LE MAG DU BIOCONTRÔLE - Épisode 1, saison 2 : Le 100% biocontrôle, réalité ou utopie pour la vigne ?

En vigne, le développement du biocontrôle progresse rapidement. La plupart des maladies et agresseurs de cultures disposent d'une réponse adaptée avec le biocontrôle. Peut-on de fait envisager dans les prochaines années un modèle de vigne utilisant 100% de produits de biocontrôle au cours de leur itinéraire cultural ?

Dans cette nouvelle vidéo, nous nous intéressons aux nombreuses solutions de biocontrôle mises à la disposition des viticulteurs, et partons à la rencontre de Sévérine Dupin, membre de la Chambre d’Agriculture de Grenoble, pour parler du 100% biocontrôle, de ses principaux objectifs, de son avenir, mais aussi de ses limites actuelles.

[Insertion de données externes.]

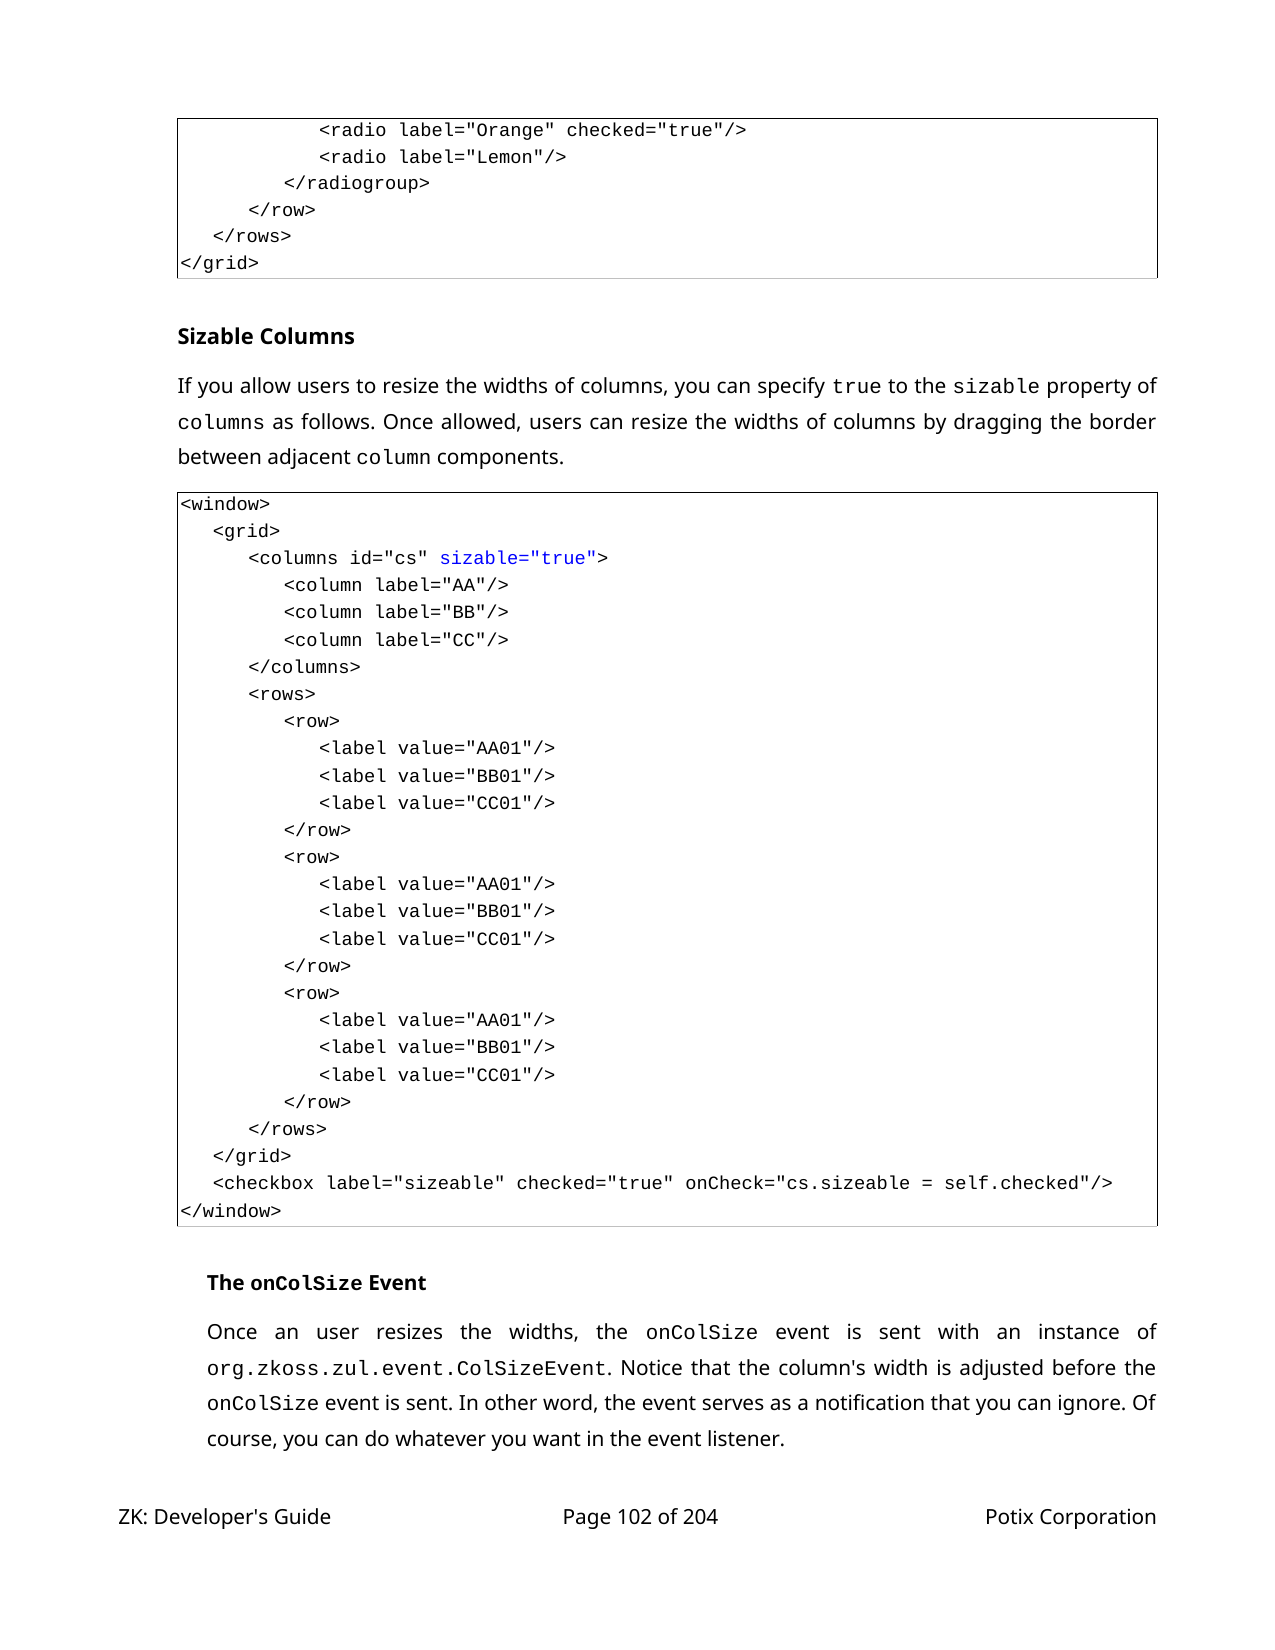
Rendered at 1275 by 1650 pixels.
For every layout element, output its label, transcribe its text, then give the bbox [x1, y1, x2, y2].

text <column label="AA"/> [178, 573, 1157, 597]
text <grid> [178, 519, 1157, 543]
text <column label="BB"/> [178, 600, 1157, 624]
text <label value="CC01"/> [178, 791, 1157, 815]
text <label value="AA01"/> [178, 736, 1157, 761]
text <columns id="cs" sizable="true"> [178, 546, 1157, 570]
text </row> [178, 818, 1157, 842]
text </grid> [178, 1144, 1157, 1168]
text <label value="BB01"/> [178, 763, 1157, 788]
text <window> [178, 493, 1157, 516]
text </row> [178, 954, 1157, 978]
text <row> [178, 845, 1157, 869]
text <label value="CC01"/> [178, 927, 1157, 951]
text <checkbox label="sizeable" checked="true" onCheck="cs.sizeable = self.checked"/> [178, 1171, 1157, 1196]
text <label value="AA01"/> [178, 872, 1157, 896]
text <label value="BB01"/> [178, 899, 1157, 924]
subtitle Sizable Columns [177, 321, 1157, 351]
text <row> [178, 981, 1157, 1005]
text </columns> [178, 655, 1157, 679]
text Once an user resizes the widths, the onColSize event is sent with an instance of org.zkoss.zul.event.ColSizeEvent. Notice that the column's width is adjusted before the onColSize event is sent. In other word, the event serves as a notification that you can ignore. Of course, you can do whatever you want in the event listener. [207, 1317, 1157, 1452]
text </rows> [178, 1117, 1157, 1141]
text <label value="AA01"/> [178, 1008, 1157, 1032]
text <label value="BB01"/> [178, 1035, 1157, 1059]
text <radio label="Orange" checked="true"/> <radio label="Lemon"/> </radiogroup> </row> </rows> </grid> [178, 119, 1157, 278]
subtitle The onColSize Event [207, 1268, 1157, 1297]
text <row> [178, 709, 1157, 733]
text <rows> [178, 682, 1157, 706]
text <label value="CC01"/> [178, 1062, 1157, 1087]
text If you allow users to resize the widths of columns, you can specify true to the sizable property of columns as follows. Once allowed, users can resize the widths of columns by dragging the border between adjacent column components. [177, 371, 1157, 471]
text <column label="CC"/> [178, 627, 1157, 652]
text </row> [178, 1090, 1157, 1114]
text </window> [178, 1198, 1157, 1226]
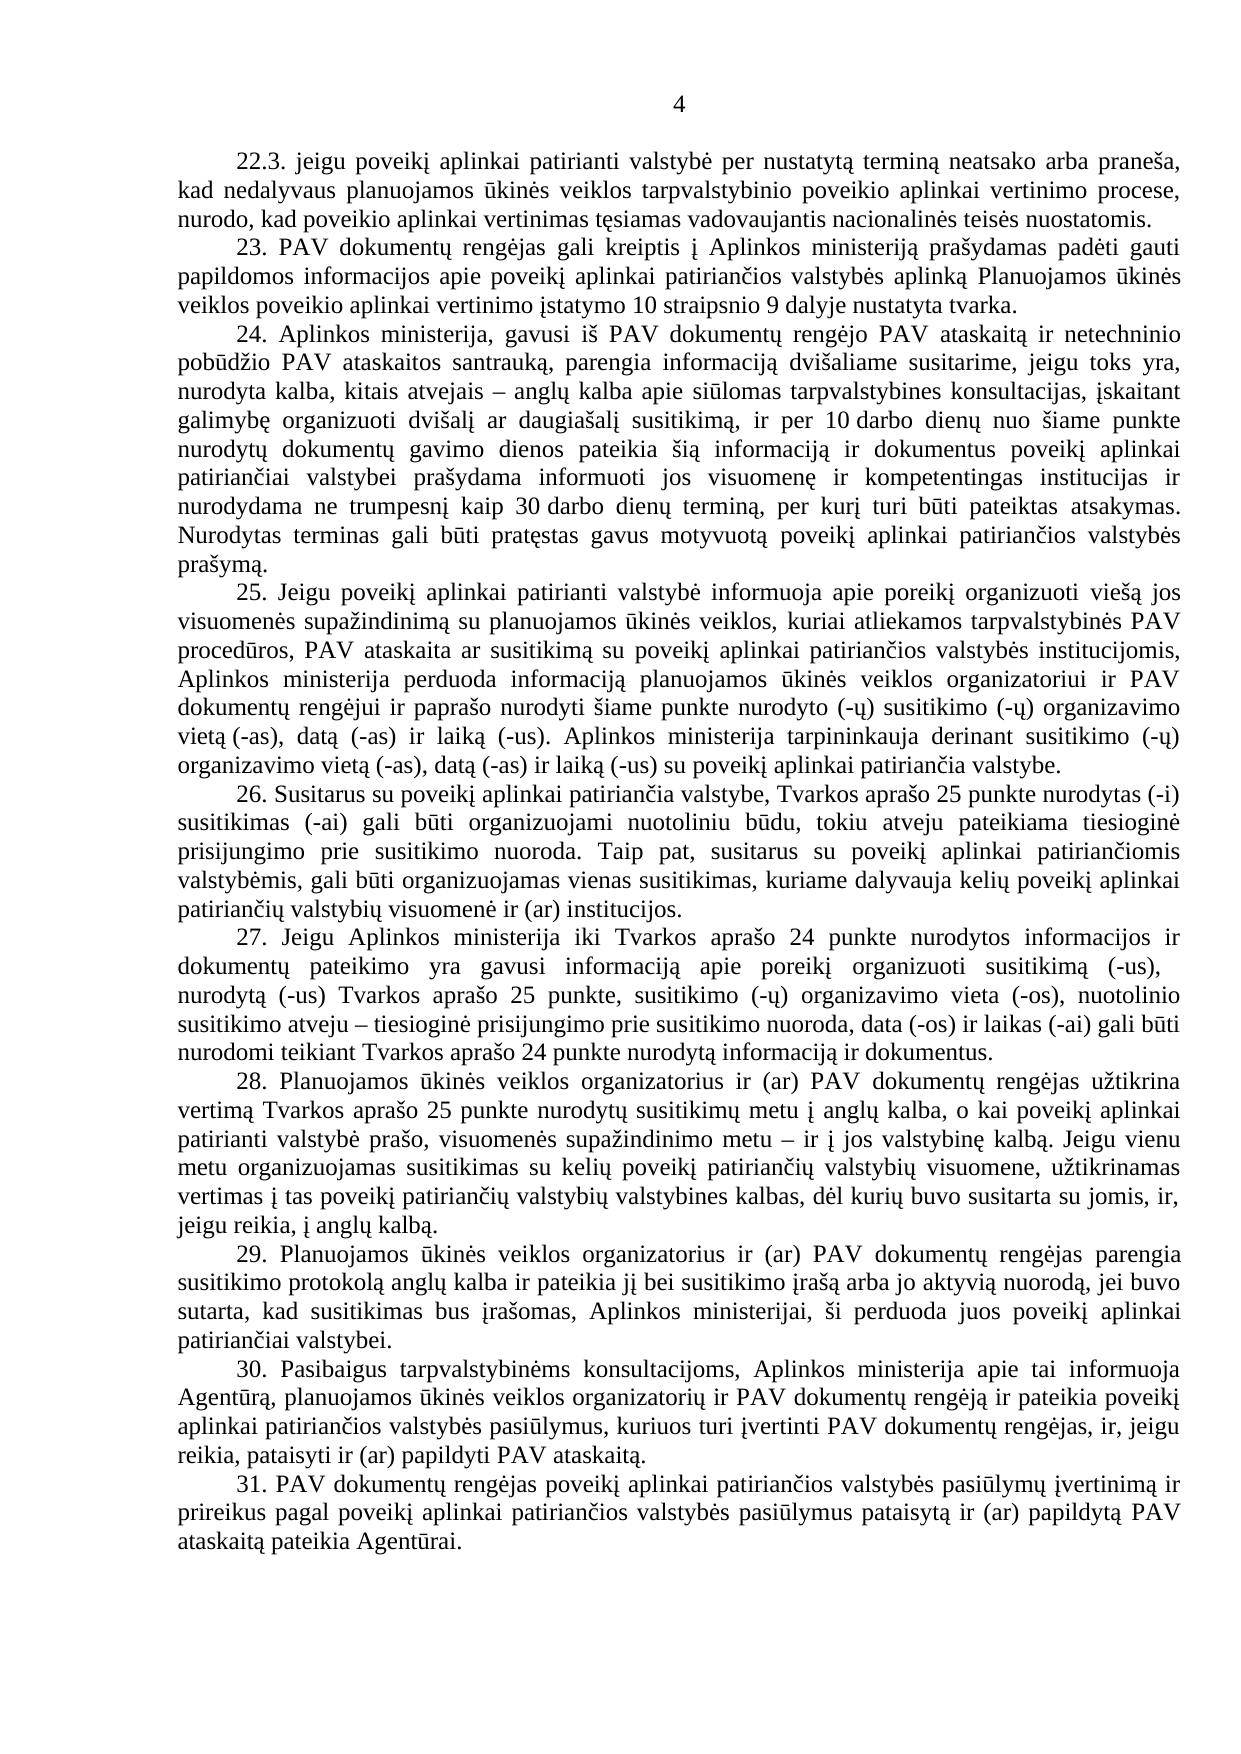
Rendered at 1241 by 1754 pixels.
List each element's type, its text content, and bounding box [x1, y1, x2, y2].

L’offre de produits de biocontrôle en vigne est conséquente, bien plus que sur d’autres cultures. Si la vigne ne couvre que 3% de la surface agricole utile française, elle est très sensible aux maladies et est une grande consommatrice de produits phytosanitaires - 20% des produits phytosanitaires utilisés chaque année en France le sont pour la vigne (dont 80% sont des fongicides). Pour Séverine Dupin, membre de la Chambre d’Agriculture de Gironde,  « une des explications du fait qu’il y a plus de produits de biocontrôle en viticulture que dans d’autres cultures, est aussi que le souffre, qui est une solution historique pour lutter contre l’oïdium de la vigne, est classé biocontrôle ». L’utilisation de phéromones pour la confusion sexuelle est également très utile pour lutter efficacement contre les ravageurs de la vigne.

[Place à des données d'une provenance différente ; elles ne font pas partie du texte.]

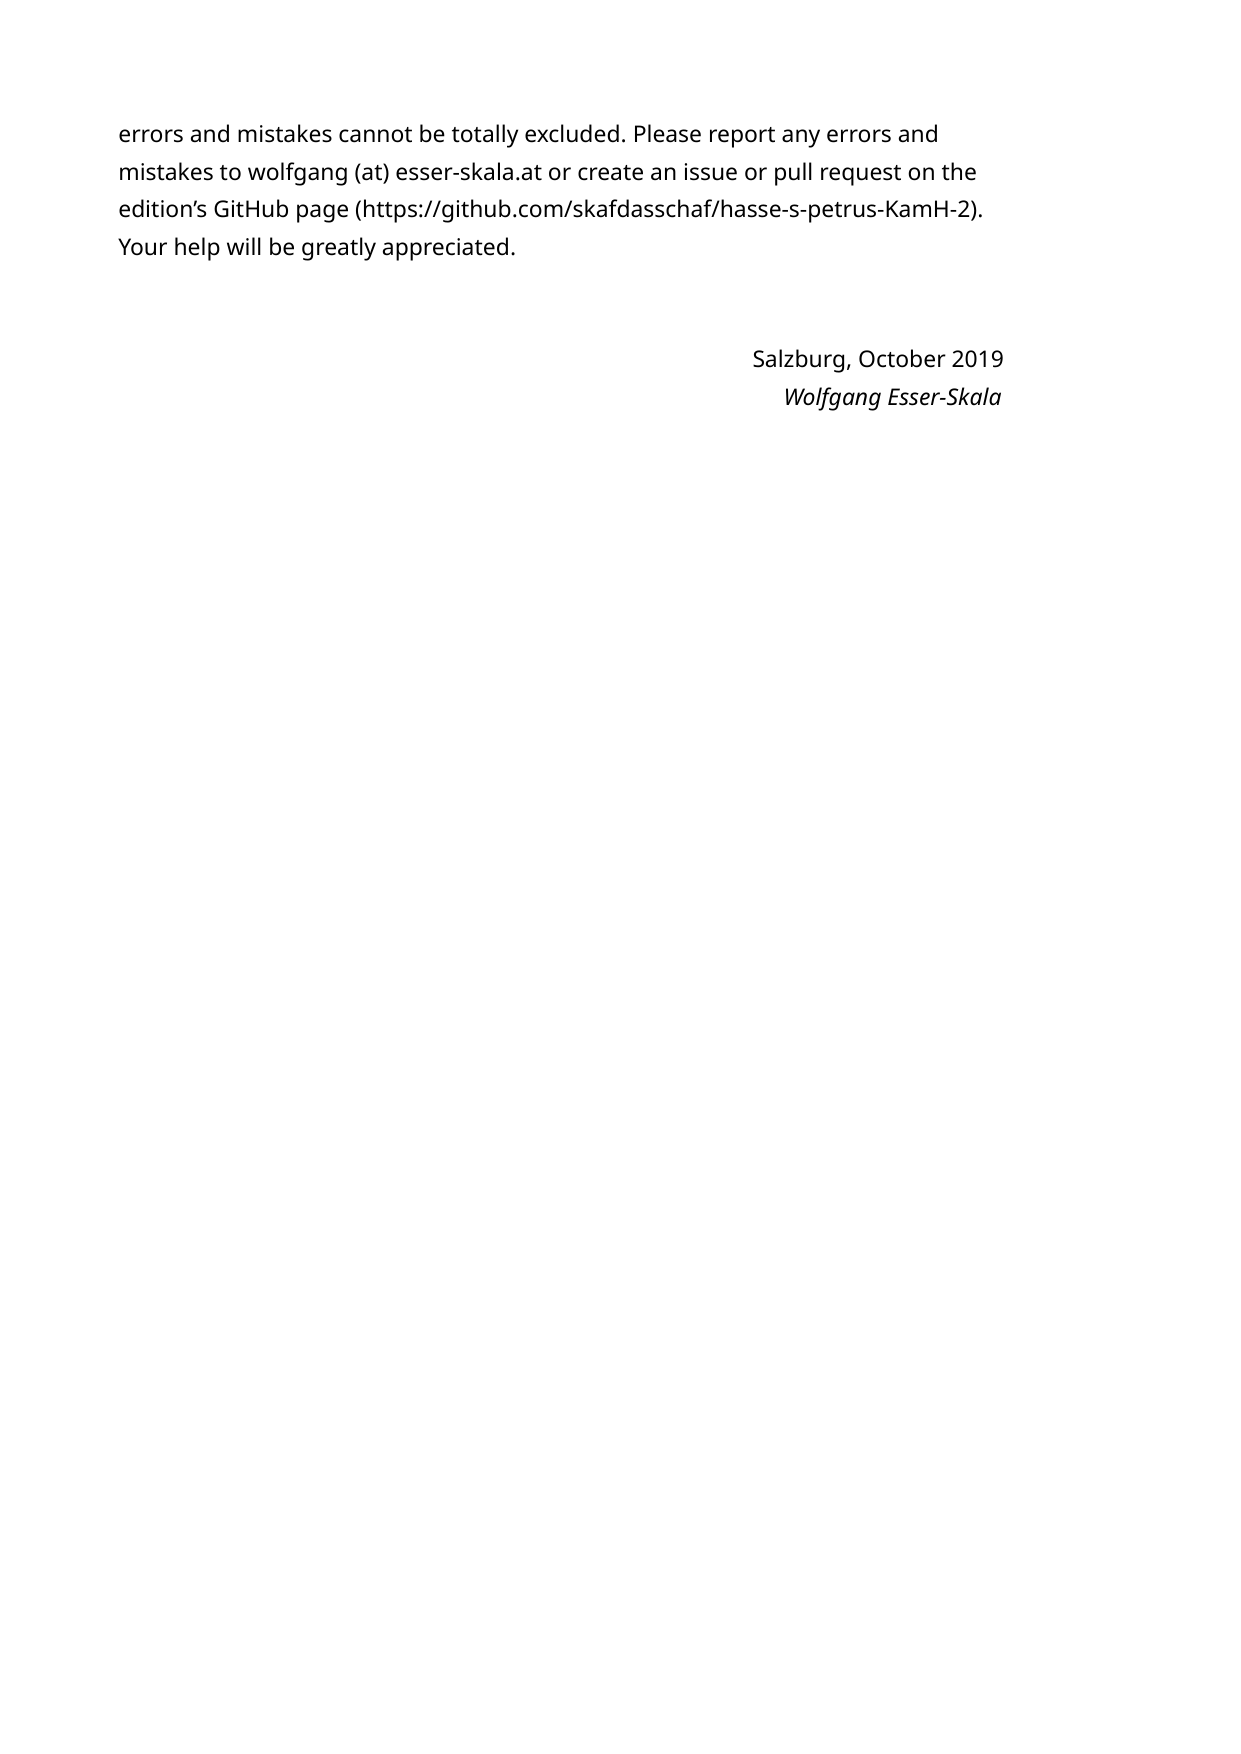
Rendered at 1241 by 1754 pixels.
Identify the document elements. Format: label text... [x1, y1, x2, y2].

text errors and mistakes cannot be totally excluded. Please report any errors and mistakes to wolfgang (at) esser-skala.at or create an issue or pull request on the edition’s GitHub page (https://github.com/skafdasschaf/hasse-s-petrus-KamH-2). Your help will be greatly appreciated. [118, 118, 1004, 262]
text Salzburg, October 2019 Wolfgang Esser-Skala [118, 343, 1004, 412]

De nombreux produits se développent en biocontrôle pour protéger la vigne, comme nous l’explique Sévérine Dupin : « Il y a un vrai objectif de réduction de la quantité de produits utilisés en viticulture pour atteindre les objectifs du Plan Ecophyto et aussi, pour un meilleur vivre, notamment avec les riverains. »

Aujourd’hui, le souhait est de pouvoir proposer des itinéraires culturaux qui intègrent 100% de produits biocontrôle. Cependant, avec les connaissances actuelles, il reste encore des impasses techniques sur certaines maladies, comme le mildiou, qui sont impossibles à gérer en 100% biocontrôle. De plus, la vigne est une culture qui dispose d’une situation de maladie à quarantaine. Pour gérer la cicadelle de la flavescence dorée, des arrêtés préfectoraux obligent les vignerons à traiter avec des produits qui ne sont pas classés biocontrôle. « Quoi qu’il arrive, même si on développe petit à petit des stratégies qui intègrent le plus possible le biocontrôle, certaines maladies vraiment problématiques sur le vignoble et qui pourraient mener à sa destruction, feront que des stratégies 100% biocontrôle ne sont à l’heure actuelle, pas disponibles. »

Les pistes à suivre sont le développement de nouvelles solutions plus performantes, notamment vis à vis du mildiou ou l’utilisation de variétés plus résistantes aux maladies.